[Stored entries]
########################################
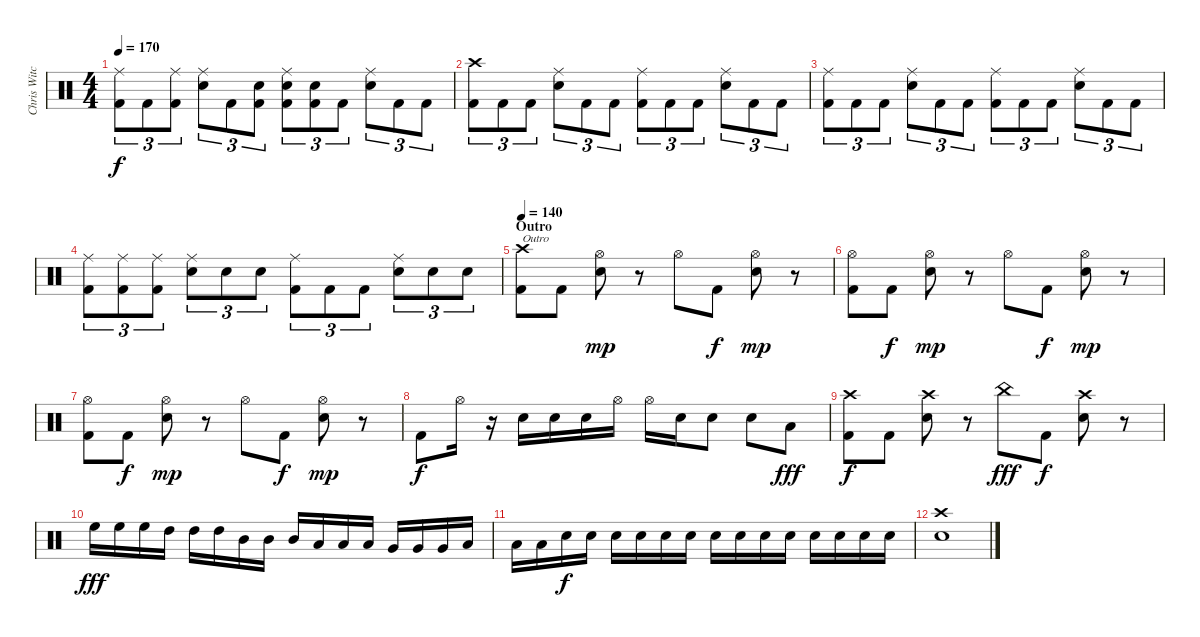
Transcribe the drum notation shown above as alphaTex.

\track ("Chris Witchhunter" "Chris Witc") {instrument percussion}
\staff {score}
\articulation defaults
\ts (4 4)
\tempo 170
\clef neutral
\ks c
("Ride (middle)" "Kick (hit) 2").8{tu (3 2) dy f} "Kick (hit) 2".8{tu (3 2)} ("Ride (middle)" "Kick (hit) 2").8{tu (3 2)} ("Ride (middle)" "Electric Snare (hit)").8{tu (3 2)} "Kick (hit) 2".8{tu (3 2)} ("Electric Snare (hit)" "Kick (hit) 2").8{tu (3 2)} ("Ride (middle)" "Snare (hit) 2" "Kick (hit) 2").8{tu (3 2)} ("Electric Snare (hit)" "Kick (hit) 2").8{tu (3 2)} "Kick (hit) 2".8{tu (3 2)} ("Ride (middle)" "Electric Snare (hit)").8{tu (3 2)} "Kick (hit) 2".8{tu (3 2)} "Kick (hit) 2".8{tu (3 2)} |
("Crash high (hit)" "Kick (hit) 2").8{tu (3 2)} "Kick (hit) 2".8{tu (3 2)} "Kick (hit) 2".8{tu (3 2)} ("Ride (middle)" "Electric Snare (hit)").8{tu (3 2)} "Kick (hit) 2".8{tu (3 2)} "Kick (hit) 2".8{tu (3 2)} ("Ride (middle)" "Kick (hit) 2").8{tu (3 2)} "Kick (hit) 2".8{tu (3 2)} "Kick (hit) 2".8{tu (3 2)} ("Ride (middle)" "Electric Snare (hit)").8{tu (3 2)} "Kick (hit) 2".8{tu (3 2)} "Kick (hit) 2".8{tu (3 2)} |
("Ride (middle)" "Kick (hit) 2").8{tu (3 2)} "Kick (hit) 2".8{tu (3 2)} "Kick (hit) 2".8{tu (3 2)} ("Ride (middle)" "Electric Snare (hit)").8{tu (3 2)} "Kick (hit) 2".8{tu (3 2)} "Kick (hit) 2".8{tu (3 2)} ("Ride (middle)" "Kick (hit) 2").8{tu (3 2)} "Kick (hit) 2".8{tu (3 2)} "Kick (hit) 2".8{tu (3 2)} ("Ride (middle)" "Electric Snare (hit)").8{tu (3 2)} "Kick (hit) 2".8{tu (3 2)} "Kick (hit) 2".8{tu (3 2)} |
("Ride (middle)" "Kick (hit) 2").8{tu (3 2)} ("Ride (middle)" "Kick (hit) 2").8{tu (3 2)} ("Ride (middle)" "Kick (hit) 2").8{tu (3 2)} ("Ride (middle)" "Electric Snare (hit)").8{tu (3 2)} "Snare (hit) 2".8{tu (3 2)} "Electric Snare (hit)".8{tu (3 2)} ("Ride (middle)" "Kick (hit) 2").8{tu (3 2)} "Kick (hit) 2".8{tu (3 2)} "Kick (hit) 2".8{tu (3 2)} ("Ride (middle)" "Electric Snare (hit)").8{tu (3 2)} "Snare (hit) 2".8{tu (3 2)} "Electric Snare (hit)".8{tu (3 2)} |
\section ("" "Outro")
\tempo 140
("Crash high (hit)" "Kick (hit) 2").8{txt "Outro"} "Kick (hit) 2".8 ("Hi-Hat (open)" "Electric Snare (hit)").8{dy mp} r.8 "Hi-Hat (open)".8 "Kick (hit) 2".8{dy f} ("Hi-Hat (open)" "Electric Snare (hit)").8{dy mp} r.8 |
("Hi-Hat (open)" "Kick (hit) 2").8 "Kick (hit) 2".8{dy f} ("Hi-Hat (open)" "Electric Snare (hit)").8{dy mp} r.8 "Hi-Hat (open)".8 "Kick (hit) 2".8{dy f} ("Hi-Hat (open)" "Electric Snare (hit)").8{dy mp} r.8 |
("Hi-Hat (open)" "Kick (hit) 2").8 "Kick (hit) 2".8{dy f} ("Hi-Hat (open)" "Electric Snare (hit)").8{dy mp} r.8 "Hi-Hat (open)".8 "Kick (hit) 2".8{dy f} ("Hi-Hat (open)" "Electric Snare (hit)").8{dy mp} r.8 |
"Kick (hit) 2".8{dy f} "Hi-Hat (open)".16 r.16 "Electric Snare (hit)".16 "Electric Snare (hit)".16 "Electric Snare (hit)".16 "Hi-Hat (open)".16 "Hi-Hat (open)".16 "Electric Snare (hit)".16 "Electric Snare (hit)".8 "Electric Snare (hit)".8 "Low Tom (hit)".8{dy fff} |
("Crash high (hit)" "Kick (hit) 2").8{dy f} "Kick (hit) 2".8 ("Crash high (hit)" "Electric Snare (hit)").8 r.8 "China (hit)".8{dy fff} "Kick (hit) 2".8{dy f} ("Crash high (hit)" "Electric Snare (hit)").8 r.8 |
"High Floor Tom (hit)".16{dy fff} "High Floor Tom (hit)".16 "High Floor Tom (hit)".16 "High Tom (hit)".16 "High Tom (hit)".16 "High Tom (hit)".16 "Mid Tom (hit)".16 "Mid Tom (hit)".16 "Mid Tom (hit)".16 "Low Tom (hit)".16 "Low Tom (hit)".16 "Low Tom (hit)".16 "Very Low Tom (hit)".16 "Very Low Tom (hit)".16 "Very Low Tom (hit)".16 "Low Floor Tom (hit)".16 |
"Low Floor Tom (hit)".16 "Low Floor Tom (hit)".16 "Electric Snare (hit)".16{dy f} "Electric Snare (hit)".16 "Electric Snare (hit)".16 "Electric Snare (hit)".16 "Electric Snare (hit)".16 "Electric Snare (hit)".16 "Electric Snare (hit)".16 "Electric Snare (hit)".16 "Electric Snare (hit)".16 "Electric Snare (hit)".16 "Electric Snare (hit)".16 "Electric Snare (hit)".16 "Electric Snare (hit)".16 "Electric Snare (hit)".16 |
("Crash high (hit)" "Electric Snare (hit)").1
########################################
EXERCISE INSTRUCTIONS ▸
Copy out every line from the data above that has "Crash" in it.

TASK RESPONSE ▸
("Crash high (hit)" "Kick (hit) 2").8{tu (3 2)} "Kick (hit) 2".8{tu (3 2)} "Kick (hit) 2".8{tu (3 2)} ("Ride (middle)" "Electric Snare (hit)").8{tu (3 2)} "Kick (hit) 2".8{tu (3 2)} "Kick (hit) 2".8{tu (3 2)} ("Ride (middle)" "Kick (hit) 2").8{tu (3 2)} "Kick (hit) 2".8{tu (3 2)} "Kick (hit) 2".8{tu (3 2)} ("Ride (middle)" "Electric Snare (hit)").8{tu (3 2)} "Kick (hit) 2".8{tu (3 2)} "Kick (hit) 2".8{tu (3 2)} |
("Crash high (hit)" "Kick (hit) 2").8{txt "Outro"} "Kick (hit) 2".8 ("Hi-Hat (open)" "Electric Snare (hit)").8{dy mp} r.8 "Hi-Hat (open)".8 "Kick (hit) 2".8{dy f} ("Hi-Hat (open)" "Electric Snare (hit)").8{dy mp} r.8 |
("Crash high (hit)" "Kick (hit) 2").8{dy f} "Kick (hit) 2".8 ("Crash high (hit)" "Electric Snare (hit)").8 r.8 "China (hit)".8{dy fff} "Kick (hit) 2".8{dy f} ("Crash high (hit)" "Electric Snare (hit)").8 r.8 |
("Crash high (hit)" "Electric Snare (hit)").1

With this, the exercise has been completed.